In sum, there is still a long way to go in order to have solid macro data to construct reliable indicators of access, given that evaluation is only one of the dimensions of national early childhood education policy.
FINAL SUGGESTIONS
Despite pointing out many tensions, the perspective in the text was not to cause turmoil ruckus, on the contrary, it was to sound a warning and draw the attention of activists and researchers to the cause of early childhood education with equity and quality for the new theme/ problem of evaluation without phobias, ill will or prejudice, but with care. The functions of evaluative research can be multiple, including and above all that of informing social actors more directly involved with the usufruct of daycare centers and preschools.
Alongside the concerns and tensions at the time of defining the "new" thematic field and problematic, exists the expectation of being able to participate, create and influence.

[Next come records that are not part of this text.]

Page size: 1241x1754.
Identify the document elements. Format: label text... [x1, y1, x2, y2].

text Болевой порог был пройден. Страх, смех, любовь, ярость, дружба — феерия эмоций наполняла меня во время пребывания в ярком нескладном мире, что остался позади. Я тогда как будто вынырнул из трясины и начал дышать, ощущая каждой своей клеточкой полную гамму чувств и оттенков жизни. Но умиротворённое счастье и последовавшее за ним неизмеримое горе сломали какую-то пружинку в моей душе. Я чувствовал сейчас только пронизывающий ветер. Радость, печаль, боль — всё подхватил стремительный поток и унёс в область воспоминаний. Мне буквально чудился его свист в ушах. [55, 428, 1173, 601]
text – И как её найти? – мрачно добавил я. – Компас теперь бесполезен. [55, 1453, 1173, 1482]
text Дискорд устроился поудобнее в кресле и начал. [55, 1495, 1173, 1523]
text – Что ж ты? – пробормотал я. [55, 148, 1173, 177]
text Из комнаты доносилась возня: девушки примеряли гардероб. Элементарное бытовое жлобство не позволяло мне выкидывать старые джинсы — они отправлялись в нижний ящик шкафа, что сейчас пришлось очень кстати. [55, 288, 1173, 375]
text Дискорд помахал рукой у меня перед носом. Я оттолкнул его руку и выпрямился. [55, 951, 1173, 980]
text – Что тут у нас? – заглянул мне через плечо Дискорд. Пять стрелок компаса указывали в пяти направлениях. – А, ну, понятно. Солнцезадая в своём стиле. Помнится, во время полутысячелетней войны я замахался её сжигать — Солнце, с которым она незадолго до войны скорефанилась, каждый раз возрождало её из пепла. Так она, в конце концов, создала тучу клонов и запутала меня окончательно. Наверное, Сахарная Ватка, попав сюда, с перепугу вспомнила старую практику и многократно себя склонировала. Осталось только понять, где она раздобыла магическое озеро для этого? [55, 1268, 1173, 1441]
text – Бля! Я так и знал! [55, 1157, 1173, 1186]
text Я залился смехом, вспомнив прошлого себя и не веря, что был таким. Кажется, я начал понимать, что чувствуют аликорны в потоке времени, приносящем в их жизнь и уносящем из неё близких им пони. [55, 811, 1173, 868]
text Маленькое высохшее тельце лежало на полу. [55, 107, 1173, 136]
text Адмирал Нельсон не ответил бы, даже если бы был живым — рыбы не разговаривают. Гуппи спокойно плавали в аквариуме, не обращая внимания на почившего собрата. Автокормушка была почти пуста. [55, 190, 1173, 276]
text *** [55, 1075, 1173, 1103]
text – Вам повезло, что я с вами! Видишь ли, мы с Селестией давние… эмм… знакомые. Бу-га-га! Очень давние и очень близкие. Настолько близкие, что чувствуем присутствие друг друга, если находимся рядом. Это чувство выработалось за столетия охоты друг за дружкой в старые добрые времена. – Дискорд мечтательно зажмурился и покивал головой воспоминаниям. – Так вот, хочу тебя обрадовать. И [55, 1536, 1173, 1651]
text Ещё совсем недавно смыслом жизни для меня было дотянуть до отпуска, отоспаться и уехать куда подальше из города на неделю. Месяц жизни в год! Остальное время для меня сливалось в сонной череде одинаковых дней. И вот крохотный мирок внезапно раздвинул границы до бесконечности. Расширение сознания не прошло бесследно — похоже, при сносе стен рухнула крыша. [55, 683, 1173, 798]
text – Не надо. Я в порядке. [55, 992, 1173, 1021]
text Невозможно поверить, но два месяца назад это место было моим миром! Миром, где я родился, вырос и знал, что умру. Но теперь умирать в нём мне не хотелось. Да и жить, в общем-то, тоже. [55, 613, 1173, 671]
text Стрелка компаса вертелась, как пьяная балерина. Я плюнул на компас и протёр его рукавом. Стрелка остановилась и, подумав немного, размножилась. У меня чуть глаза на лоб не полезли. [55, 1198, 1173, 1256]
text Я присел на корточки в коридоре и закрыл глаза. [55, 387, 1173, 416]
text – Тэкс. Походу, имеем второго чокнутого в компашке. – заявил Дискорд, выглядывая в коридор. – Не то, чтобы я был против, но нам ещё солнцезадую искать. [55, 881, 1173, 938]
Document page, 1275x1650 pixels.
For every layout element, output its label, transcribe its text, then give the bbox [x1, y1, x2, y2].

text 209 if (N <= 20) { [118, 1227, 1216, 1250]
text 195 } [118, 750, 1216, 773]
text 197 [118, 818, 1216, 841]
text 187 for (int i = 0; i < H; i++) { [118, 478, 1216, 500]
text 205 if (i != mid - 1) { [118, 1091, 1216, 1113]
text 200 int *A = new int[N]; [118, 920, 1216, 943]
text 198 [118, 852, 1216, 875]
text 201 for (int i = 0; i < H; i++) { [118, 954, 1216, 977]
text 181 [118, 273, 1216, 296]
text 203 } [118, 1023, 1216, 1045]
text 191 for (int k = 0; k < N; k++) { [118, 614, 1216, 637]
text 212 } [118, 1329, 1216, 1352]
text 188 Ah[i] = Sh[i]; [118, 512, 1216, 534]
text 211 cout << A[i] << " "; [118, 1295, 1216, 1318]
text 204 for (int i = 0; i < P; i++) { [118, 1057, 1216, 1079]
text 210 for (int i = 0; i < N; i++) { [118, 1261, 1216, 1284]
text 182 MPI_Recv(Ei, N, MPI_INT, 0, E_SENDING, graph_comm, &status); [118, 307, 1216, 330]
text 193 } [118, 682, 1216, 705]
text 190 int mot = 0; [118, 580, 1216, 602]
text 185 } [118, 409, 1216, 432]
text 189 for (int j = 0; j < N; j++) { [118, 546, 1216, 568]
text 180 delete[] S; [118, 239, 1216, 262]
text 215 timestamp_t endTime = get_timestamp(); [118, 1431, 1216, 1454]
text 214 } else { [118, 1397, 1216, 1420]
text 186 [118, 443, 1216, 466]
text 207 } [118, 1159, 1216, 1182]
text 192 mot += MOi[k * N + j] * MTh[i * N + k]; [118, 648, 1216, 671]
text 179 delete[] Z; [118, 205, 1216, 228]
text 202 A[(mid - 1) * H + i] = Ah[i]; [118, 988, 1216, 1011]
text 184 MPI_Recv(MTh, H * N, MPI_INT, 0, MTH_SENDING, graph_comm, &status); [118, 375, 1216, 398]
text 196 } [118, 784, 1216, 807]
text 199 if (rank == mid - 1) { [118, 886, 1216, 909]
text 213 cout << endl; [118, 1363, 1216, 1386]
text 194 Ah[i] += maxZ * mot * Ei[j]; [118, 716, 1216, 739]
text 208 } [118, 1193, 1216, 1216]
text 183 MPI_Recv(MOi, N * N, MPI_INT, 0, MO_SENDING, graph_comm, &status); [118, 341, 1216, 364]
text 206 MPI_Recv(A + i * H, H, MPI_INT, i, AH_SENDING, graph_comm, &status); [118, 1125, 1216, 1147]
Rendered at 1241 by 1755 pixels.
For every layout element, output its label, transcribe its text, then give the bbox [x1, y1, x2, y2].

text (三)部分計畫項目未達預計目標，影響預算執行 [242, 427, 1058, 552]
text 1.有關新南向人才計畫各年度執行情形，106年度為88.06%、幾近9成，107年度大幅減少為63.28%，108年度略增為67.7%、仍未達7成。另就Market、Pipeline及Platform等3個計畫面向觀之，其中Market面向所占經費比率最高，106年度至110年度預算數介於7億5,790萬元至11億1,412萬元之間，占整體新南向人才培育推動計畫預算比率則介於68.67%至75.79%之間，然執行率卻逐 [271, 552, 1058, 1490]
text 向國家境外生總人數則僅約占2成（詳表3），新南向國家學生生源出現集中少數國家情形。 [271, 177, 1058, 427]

At the end of this article I could not avoid this impulse and dared to develop suggestions that will sound ingenuous to some, but to others might seem as obvious as the "Emperor's new clothes". They are:
1. Develop a state-of-the-art for evaluative studies on early childhood education;
2. Strengthen the channels of communication and mutual formation between the fields of basic education and early childhood education;
3. Create more efficient and proactive dissemination and monitoring of the implementation of guidelines, orientations, resolutions and other normative documents related to early childhood education;
4. Plan for the implementation of legal alterations before their discussion and approval (prior analysis of feasibility and the implementation timetable);
5. Elucidate the mismatched information and concepts referring to early childhood education coming from the federal agencies that produce statistics, municipal education departments, teaching establishments, fathers/mothers;
6. Carry out research based on the IBGE and Inep microdata adopting the states, federal district and municipalities as the unit of analysis, aimed at planning and creating monitoring policies;
7. Review the school census questionnaire/form in light of the eventual correspondences among its items and scales for evaluation of quality, aimed at monitoring the quality of the offer;
8. Analyze the location of daycare centers and other schools in the national territory (rural and urban) according to the population density of children and income distribution and plan for the location of new buildings for daycare centers and preschools;
9. Improve the dissemination of data, including indicators on young children especially residents of rural areas;
10. Include evaluation of early childhood education programs, especially those that change constitutional amendments, such as occurred with Constitutional Amendment 59/09;
11. Develop strategies to expand access to daycare and improve its quality;
12 Implement training experiences for managers and legislators related to early childhood education, especially for daycare.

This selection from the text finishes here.